• [REQUIRED WORK]: Scan the entries for lines with the word "Корекція" and copy those lines.

===== DATA TO PROCESS

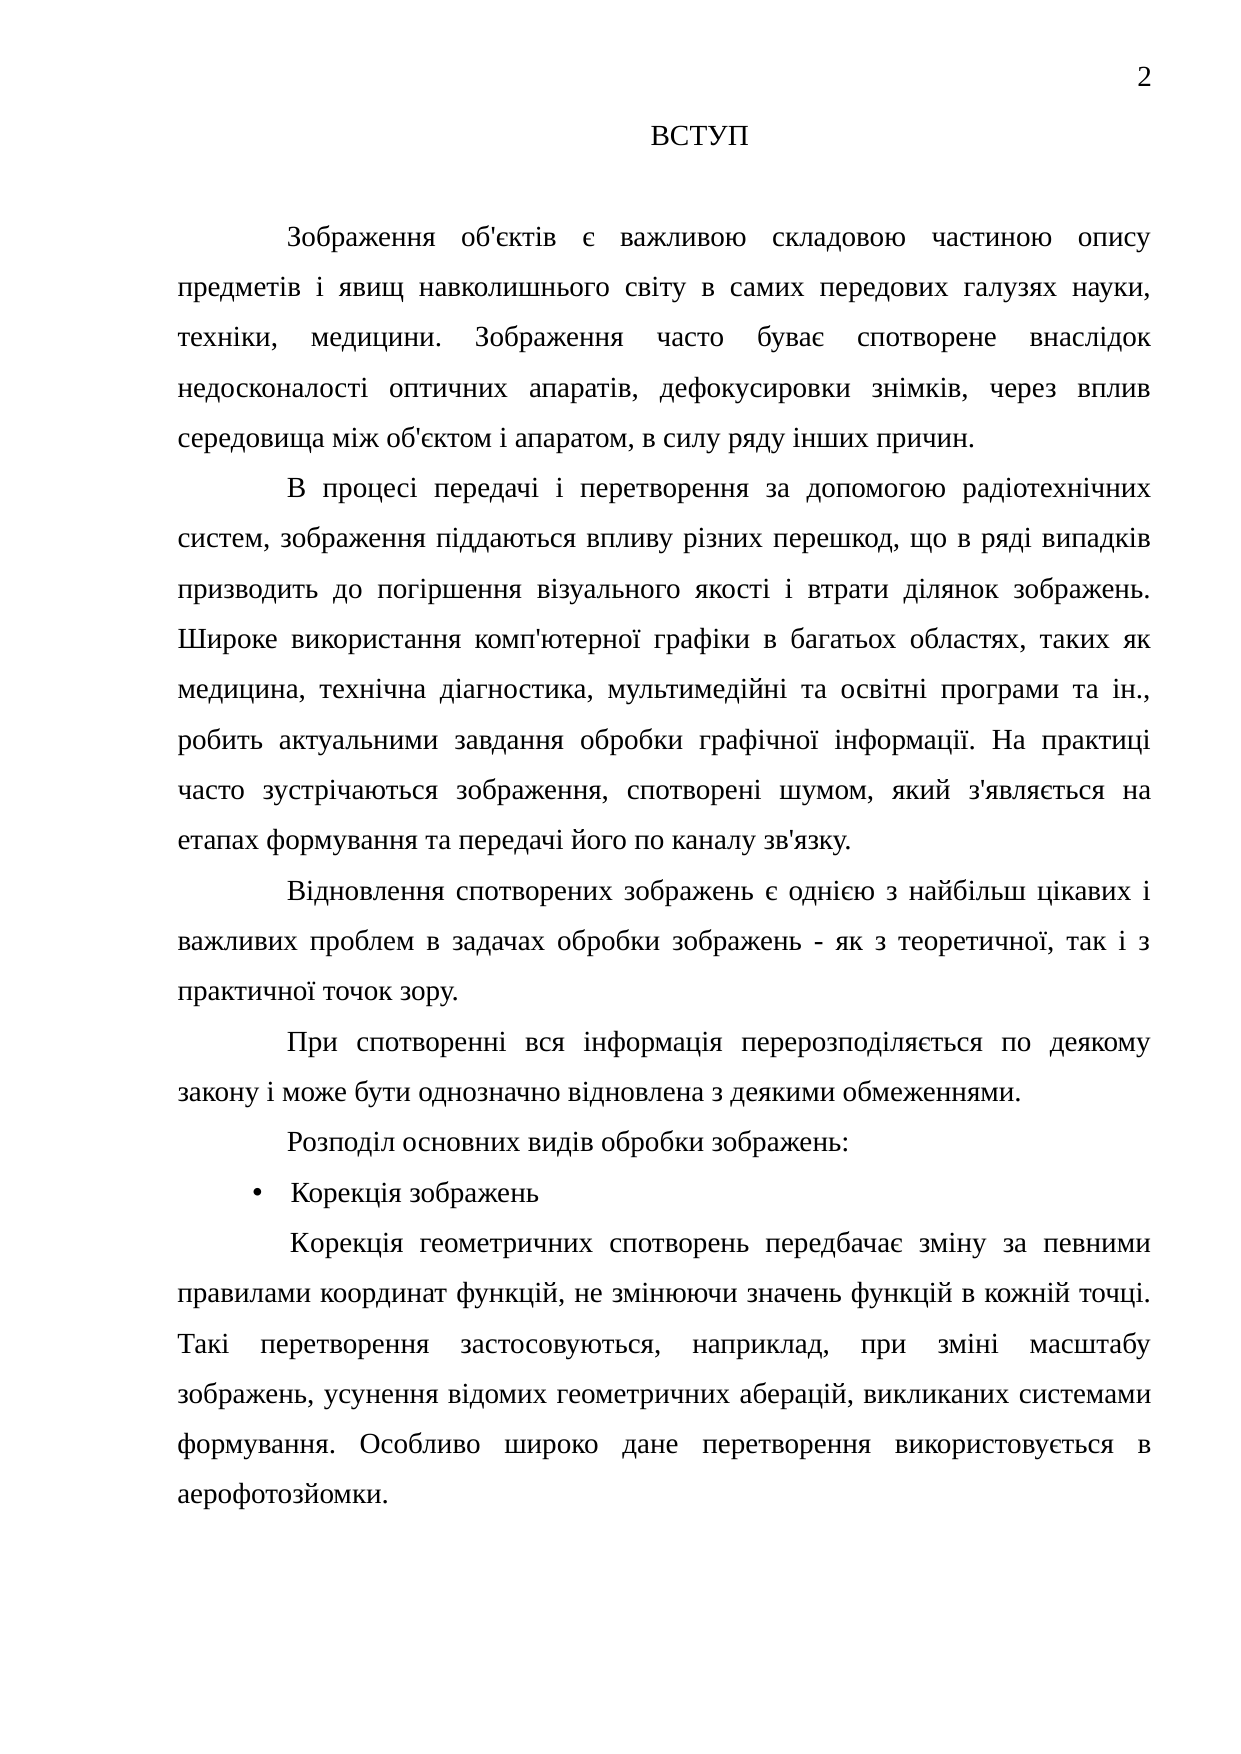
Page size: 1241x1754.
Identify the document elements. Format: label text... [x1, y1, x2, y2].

text В процесі передачі і перетворення за допомогою радіотехнічних систем, зображення піддаються впливу різних перешкод, що в ряді випадків призводить до погіршення візуального якості і втрати ділянок зображень. Широке використання комп'ютерної графіки в багатьох областях, таких як медицина, технічна діагностика, мультимедійні та освітні програми та ін., робить актуальними завдання обробки графічної інформації. На практиці часто зустрічаються зображення, спотворені шумом, який з'являється на етапах формування та передачі його по каналу зв'язку. [177, 470, 1152, 856]
text Відновлення спотворених зображень є однією з найбільш цікавих і важливих проблем в задачах обробки зображень - як з теоретичної, так і з практичної точок зору. [177, 873, 1152, 1007]
text Зображення об'єктів є важливою складовою частиною опису предметів і явищ навколишнього світу в самих передових галузях науки, техніки, медицини. Зображення часто буває спотворене внаслідок недосконалості оптичних апаратів, дефокусировки знімків, через вплив середовища між об'єктом і апаратом, в силу ряду інших причин. [177, 219, 1152, 453]
list Корекція зображень [252, 1175, 1152, 1208]
text Розподіл основних видів обробки зображень: [177, 1124, 1152, 1158]
text При спотворенні вся інформація перерозподіляється по деякому закону і може бути однозначно відновлена з деякими обмеженнями. [177, 1024, 1152, 1108]
text ВСТУП [177, 118, 1152, 152]
list Корекція геометричних спотворень передбачає зміну за певними правилами координат функцій, не змінюючи значень функцій в кожній точці. Такі перетворення застосовуються, наприклад, при зміні масштабу зображень, усунення відомих геометричних аберацій, викликаних системами формування. Особливо широко дане перетворення використовується в аерофотозйомки. [177, 1225, 1152, 1510]

==========

• [WRITTEN RESPONSE]:
list Корекція зображень [252, 1175, 1152, 1208]
list Корекція геометричних спотворень передбачає зміну за певними правилами координат функцій, не змінюючи значень функцій в кожній точці. Такі перетворення застосовуються, наприклад, при зміні масштабу зображень, усунення відомих геометричних аберацій, викликаних системами формування. Особливо широко дане перетворення використовується в аерофотозйомки. [177, 1225, 1152, 1510]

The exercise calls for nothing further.